This opinion will be unpublished and
may not be cited except as provided by
Minn. Stat. § 480A.08, subd. 3 (2004).
STATE OF MINNESOTA
IN COURT OF APPEALS
State of Minnesota,
Filed February 6, 2007
Kanabec County District Court
File No. 33-CR-05-62
Lori Swanson, Attorney General, Thomas R. Ragatz, Assistant Attorney General, 1800 Bremer Tower, 445 Minnesota Street, St. Paul, MN 55101-2134; and
Norman Loren, Kanabec County Attorney, Amy R. Brosnahan, Assistant County Attorney, 18 North Vine Street, Suite 202, Mora, MN 55051 (for respondent)
John M. Stuart, State Public Defender, Cathryn Middlebrook, Assistant Public Defender, 2221 University Avenue Southeast, Suite 425, Minneapolis, MN 55414 (for appellant)

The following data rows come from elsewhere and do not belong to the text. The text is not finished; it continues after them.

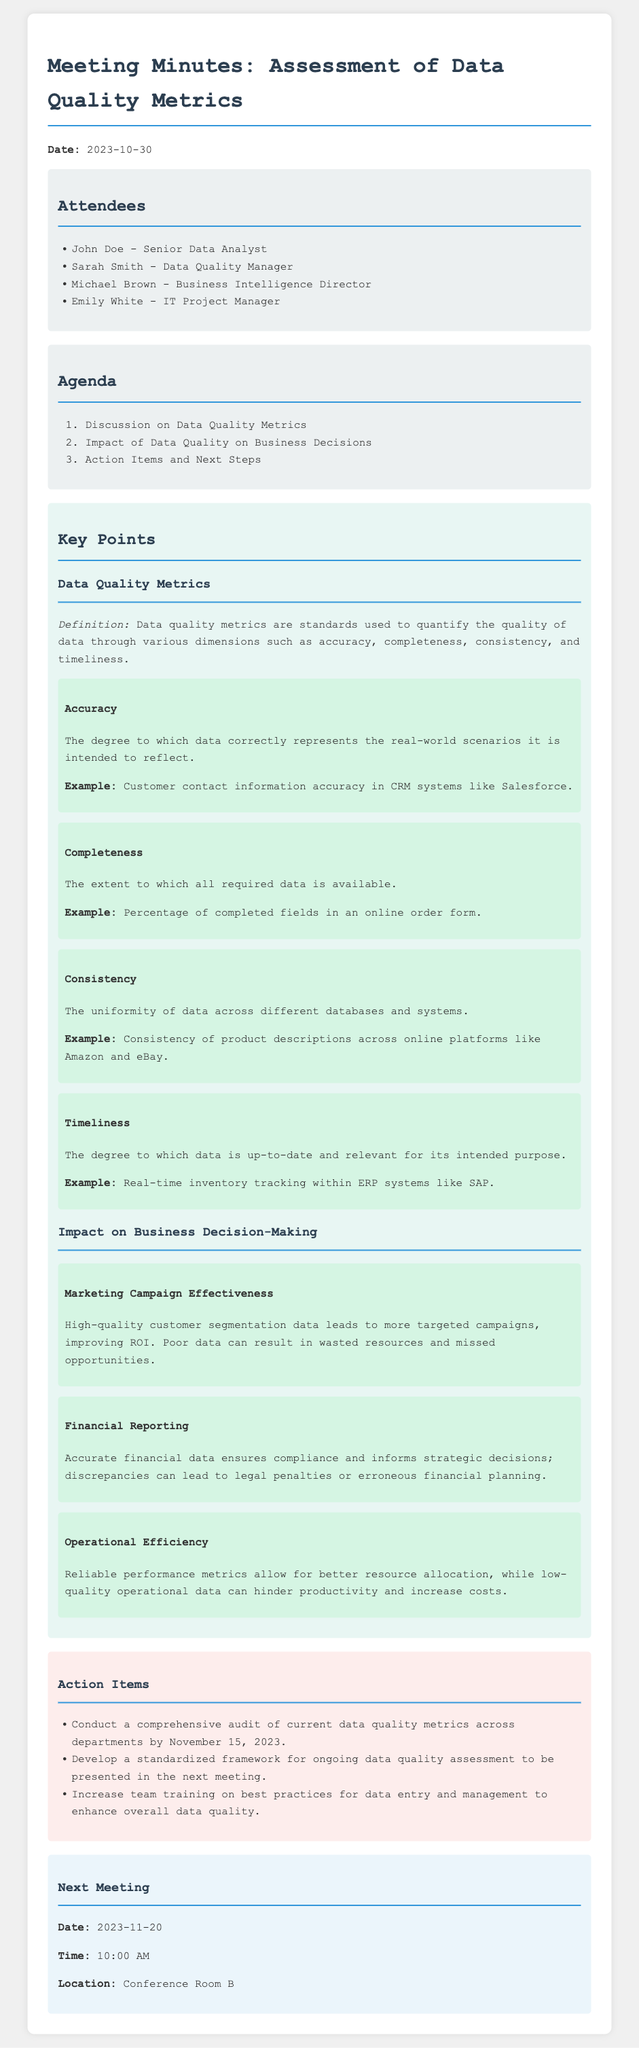what is the date of the meeting? The date of the meeting is specified at the beginning of the document.
Answer: 2023-10-30 who is the Data Quality Manager? The document lists the attendees and their roles, identifying one as the Data Quality Manager.
Answer: Sarah Smith what metric is used to assess the uniformity of data? The document explains the definition of various data quality metrics, including one that focuses on uniformity.
Answer: Consistency by when is the comprehensive audit of current data quality metrics due? The document outlines action items, including a due date for the audit of data quality metrics.
Answer: November 15, 2023 what is one impact of high-quality customer segmentation data? The document discusses the effects of data quality on business decisions, including the benefits of high-quality data in marketing.
Answer: Improving ROI what is the main purpose of the next meeting? The document indicates the purpose of the next meeting through the proposed action items and preparations necessary.
Answer: Presentation of standardized framework what example is given for accuracy in data quality metrics? The document provides specific examples of metrics, including an example related to accuracy.
Answer: Customer contact information accuracy in CRM systems like Salesforce how many attendees are listed in the document? The document provides a list of attendees, indicating how many people were present in the meeting focused on data quality metrics.
Answer: 4

Considered and decided by Wright, Presiding Judge, Peterson, Judge, and Crippen, Judge.
Appellant Xiong Vang questions the decision of the district court to sentence him to the presumptive sentence. We affirm.
Appellant pled guilty to an amended charge of sale of controlled substances in the second degree in violation of Minn. Stat. § 152.022, subd. 1(1) (2004), reserving the right to argue for a downward dispositional and durational departure at sentencing. After hearing argument, the district court sentenced appellant to the lower end of the presumptive sentencing range, 54 months’ imprisonment.

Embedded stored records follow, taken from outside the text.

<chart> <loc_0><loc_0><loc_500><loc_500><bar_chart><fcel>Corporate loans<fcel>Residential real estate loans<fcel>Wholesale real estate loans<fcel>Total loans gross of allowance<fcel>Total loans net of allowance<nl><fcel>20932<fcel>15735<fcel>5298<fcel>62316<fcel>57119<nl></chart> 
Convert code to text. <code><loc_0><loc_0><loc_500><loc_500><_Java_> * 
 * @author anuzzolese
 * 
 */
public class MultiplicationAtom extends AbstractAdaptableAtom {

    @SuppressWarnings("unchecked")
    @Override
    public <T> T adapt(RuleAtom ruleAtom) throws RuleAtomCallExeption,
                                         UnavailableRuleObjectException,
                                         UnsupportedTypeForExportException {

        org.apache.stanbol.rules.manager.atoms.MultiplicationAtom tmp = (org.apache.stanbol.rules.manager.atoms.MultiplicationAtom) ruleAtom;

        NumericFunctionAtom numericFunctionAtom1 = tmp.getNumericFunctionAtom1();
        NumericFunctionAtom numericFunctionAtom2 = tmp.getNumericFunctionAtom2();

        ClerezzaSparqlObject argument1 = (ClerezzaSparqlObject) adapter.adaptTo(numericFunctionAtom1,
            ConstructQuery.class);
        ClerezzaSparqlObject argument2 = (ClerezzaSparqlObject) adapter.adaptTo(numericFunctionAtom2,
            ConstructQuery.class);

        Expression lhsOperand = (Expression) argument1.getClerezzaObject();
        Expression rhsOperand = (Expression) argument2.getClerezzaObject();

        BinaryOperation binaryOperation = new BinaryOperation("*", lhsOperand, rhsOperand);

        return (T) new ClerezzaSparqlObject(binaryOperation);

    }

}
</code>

argues that the district court abused its discretion when it sentenced him to
the presumptive sentence. The district
court has no discretion to depart from the presumptive sentence absent the
presence of aggravating or mitigating factors.
Appellant argues that as a permanent resident of the United States, which he remains despite his eligibility to be naturalized for the last several years, he would not be eligible to participate in the Challenge Incarceration Program and would, as a consequence, be subject to a longer term of imprisonment. We have previously determined that sentencing factors should not include the consequences to a defendant’s immigration status. State v. Mendoza, 638 N.W.2d 480, 484 (Minn. App. 2002), review denied (Minn. Apr. 16, 2002). We find no reason to rule differently in the related situation of a sentence itself being affected by the defendant’s immigration status. Appellant cites two federal decisions in support of his argument; both are, in light of Mendoza, not controlling, and neither is, in any event, apposite. See United States v. Restrepo, 999 F.2d 640, 645-47 (2d Cir. 1993) (noting that post-incarceration detention and deportation, and the fact that an undocumented immigrant offender is not eligible for early release, are not sufficient to justify departure); see also United States v. Veloza, 83 F.3d 380, 382 (11th Cir. 1996) (accord). But see United States v. Maung, 320 F.3d 1305, 1308 (11th Cir. 2003) (characterizing language in Restrepo and Veloza as dicta).
Appellant argues that his amenability to probation justifies a downward dispositional departure, noting that he has entered into drug treatment, obtained employment after his arrest, and has the support of his family and friends. See State v. Trog, 323 N.W.2d 28, 31 (Minn. 1982) (noting that a downward dispositional departure is warranted if a defendant is particularly amenable to probation). Appellant argues that there were additional mitigating factors, including a possible entrapment defense, warranting a downward durational departure. But the record reflects that the district court considered appellant’s amenability to probation and other mitigating factors at sentencing. And although all are significant, they are not sufficiently compelling to make this the rare case in which we demand a departure.
* Retired judge of the Minnesota Court of Appeals, serving by appointment pursuant to Minn. Const. art. VI, § 10.